The author mentioned two LLM models in the document: LLaMA-2 and Mistral.


In [42]:
response=chat_engine.chat(
    "what are the llm models author spoke in this document, i want all llm models, u gave response is Based on the document, the author mentioned two LLM models: LLaMA-2 and Mistral. but what are all these  RepLLaMA, SGPT, GTR, and Udever. "
)
print(response)

In addition to LLaMA-2 and Mistral, the author also mentioned other LLM models in the document. These include:

1. GPT-4: GPT-4 is a highly advanced LLM model, but it is proprietary and has limited technical details disclosed.

2. GPL: GPL is another LLM model, but specific details about it are not provided in the document.

3. ChatGPT: ChatGPT is an LLM model that excels in conversational tasks and natural language understanding.

4. RepLLaMA: RepLLaMA is a model that enhances text embeddings based on LLMs.

5. SGPT: SGPT is another model that builds upon LLMs to improve text embeddings.

6. GTR: GTR is an LLM model that focuses on generating text responses.

7. Udever: Udever is an LLM model, but no specific details about it are mentioned in the document.
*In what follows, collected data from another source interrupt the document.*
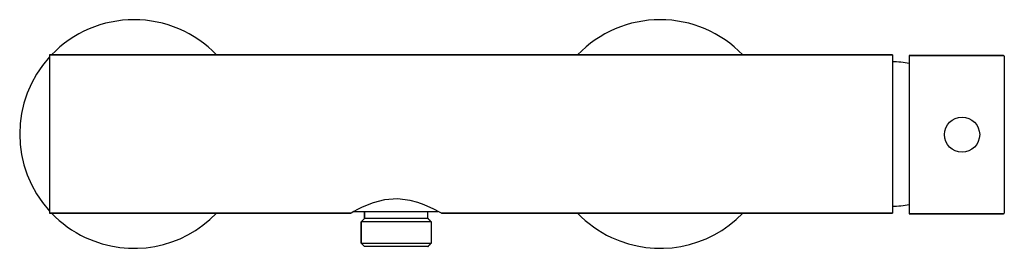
# Model space of a CAD drawing. Header units: millimetres. Extents: x 3924.629 to 3924.909, y 1846.892 to 1846.957.
import ezdxf

# ---------------------------------------------------------------- set-up
doc = ezdxf.new("R2010")
doc.units = ezdxf.units.MM
doc.layers.add('SANINDUSA', color=3, linetype='Continuous')

msp = doc.modelspace()

# ---------------------------------------------------------------- linework, layer by layer
at = {"layer": 'SANINDUSA'}
for p, q in [((3924.637270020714, 1846.94668438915), (3924.637270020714, 1846.90168438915)), ((3924.637270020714, 1846.94668438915), (3924.876770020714, 1846.94668438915)), ((3924.876770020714, 1846.94668438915), (3924.876770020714, 1846.90168438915)), ((3924.881570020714, 1846.94650438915), (3924.881570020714, 1846.92400438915)), ((3924.881570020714, 1846.94650438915), (3924.908370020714, 1846.94650438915)), ((3924.908570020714, 1846.94630438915), (3924.908570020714, 1846.92400438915)), ((3924.881570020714, 1846.92400438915), (3924.881570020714, 1846.90150438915)), ((3924.908570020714, 1846.92400438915), (3924.908570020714, 1846.90170438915)), ((3924.722895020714, 1846.90168438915), (3924.637270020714, 1846.90168438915)), ((3924.723747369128, 1846.90218438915), (3924.747615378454, 1846.90218438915)), ((3924.726770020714, 1846.90018438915), (3924.726770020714, 1846.90218438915)), ((3924.744770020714, 1846.90018438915), (3924.744770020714, 1846.90218438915)), ((3924.876770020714, 1846.90168438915), (3924.748642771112, 1846.90168438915)), ((3924.908370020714, 1846.90150438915), (3924.881570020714, 1846.90150438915)), ((3924.738017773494, 1846.89918438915), (3924.725770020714, 1846.89918438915)), ((3924.725770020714, 1846.89318438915), (3924.725770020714, 1846.89918438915)), ((3924.737792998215, 1846.90018438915), (3924.726770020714, 1846.90018438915)), ((3924.744770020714, 1846.90018438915), (3924.737792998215, 1846.90018438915)), ((3924.745770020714, 1846.89918438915), (3924.738017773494, 1846.89918438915)), ((3924.745770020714, 1846.89318438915), (3924.745770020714, 1846.89918438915)), ((3924.725770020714, 1846.89318438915), (3924.745770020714, 1846.89318438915)), ((3924.744770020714, 1846.89218438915), (3924.726770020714, 1846.89218438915))]:
    msp.add_line(p, q, dxfattribs=at)
at = {"layer": 'SANINDUSA', "flags": 128}
msp.add_lwpolyline([(3924.748642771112, 1846.901685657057), (3924.748075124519, 1846.902005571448), (3924.746474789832, 1846.902851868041), (3924.743732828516, 1846.904087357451), (3924.741875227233, 1846.904748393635), (3924.739738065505, 1846.905310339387), (3924.736129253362, 1846.905728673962), (3924.732473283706, 1846.905439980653), (3924.729214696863, 1846.904602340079), (3924.726126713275, 1846.903364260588), (3924.724796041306, 1846.902715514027), (3924.723758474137, 1846.902167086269), (3924.722925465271, 1846.901701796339), (3924.722895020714, 1846.90168438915), (3924.722895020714, 1846.90168438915)], dxfattribs=at)
at = {"layer": 'SANINDUSA'}
msp.add_circle((3924.896570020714, 1846.92400438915), 0.005000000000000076, dxfattribs=at)
for centre, radius, start, end in [((3924.661270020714, 1846.92418438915), 0.03250000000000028, 43.81306146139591, 136.1869385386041), ((3924.810770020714, 1846.92418438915), 0.03250000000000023, 43.81306146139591, 136.1869385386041), ((3924.661270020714, 1846.92418438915), 0.03250000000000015, 137.6005266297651, 222.3994733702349), ((3924.908370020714, 1846.94630438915), 0.0002000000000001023, 0, 90), ((3924.877224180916, 1846.924689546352), 0.02000000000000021, 77.44997185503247, 91.3011849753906), ((3924.877224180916, 1846.923679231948), 0.02000000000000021, 268.6988150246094, 282.5500281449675), ((3924.661270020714, 1846.92418438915), 0.03249999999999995, 223.8130614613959, 244.7349468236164), ((3924.661270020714, 1846.92418438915), 0.03250000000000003, 244.7349468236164, 316.1869385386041), ((3924.810770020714, 1846.92418438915), 0.03249999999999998, 223.8130614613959, 244.7349468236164), ((3924.810770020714, 1846.92418438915), 0.03249999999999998, 244.7349468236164, 316.1869385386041), ((3924.908370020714, 1846.90170438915), 0.0002000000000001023, 270, 0)]:
    msp.add_arc(centre, radius, start, end, dxfattribs=at)
for points in [[(3924.876770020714, 1846.94668438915), (3924.637270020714, 1846.94668438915)], [(3924.908370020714, 1846.94650438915), (3924.881570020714, 1846.94650438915)], [(3924.637270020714, 1846.90168438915), (3924.722895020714, 1846.90168438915)], [(3924.726770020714, 1846.90218438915), (3924.726770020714, 1846.90018438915)], [(3924.744770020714, 1846.90018438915), (3924.744770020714, 1846.90218438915)], [(3924.748642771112, 1846.90168438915), (3924.876770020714, 1846.90168438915)], [(3924.881570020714, 1846.90150438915), (3924.908370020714, 1846.90150438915)], [(3924.726770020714, 1846.90018438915), (3924.725770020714, 1846.89918438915)], [(3924.725770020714, 1846.89918438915), (3924.725770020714, 1846.89318438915)], [(3924.745770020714, 1846.89918438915), (3924.744770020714, 1846.90018438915)], [(3924.745770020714, 1846.89318438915), (3924.745770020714, 1846.89918438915)], [(3924.725770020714, 1846.89318438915), (3924.726770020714, 1846.89218438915)], [(3924.744770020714, 1846.89218438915), (3924.745770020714, 1846.89318438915)]]:
    msp.add_open_spline(points, degree=1, dxfattribs=at)

doc.saveas('drawing.dxf')

These are the LLM models mentioned in the document.


In [45]:
response = chat_engine.chat(
    "summarize document using 1000 words "
)
print(response)

The document discusses experiments conducted using synthetic data and the fine-tuning and evaluation of a model. The model achieved the highest average score on the MTEB benchmark, surpassing the previous state-of-the-art model by 2.4 points. The experiments involved using generated synthetic data and a collection of public datasets for training the model. The evaluation of the model on the MTEB benchmark took approximately 3 days using 8V100 GPUs. Notably, the model's performance remained competitive even when trained solely on synthetic data without any labeled data.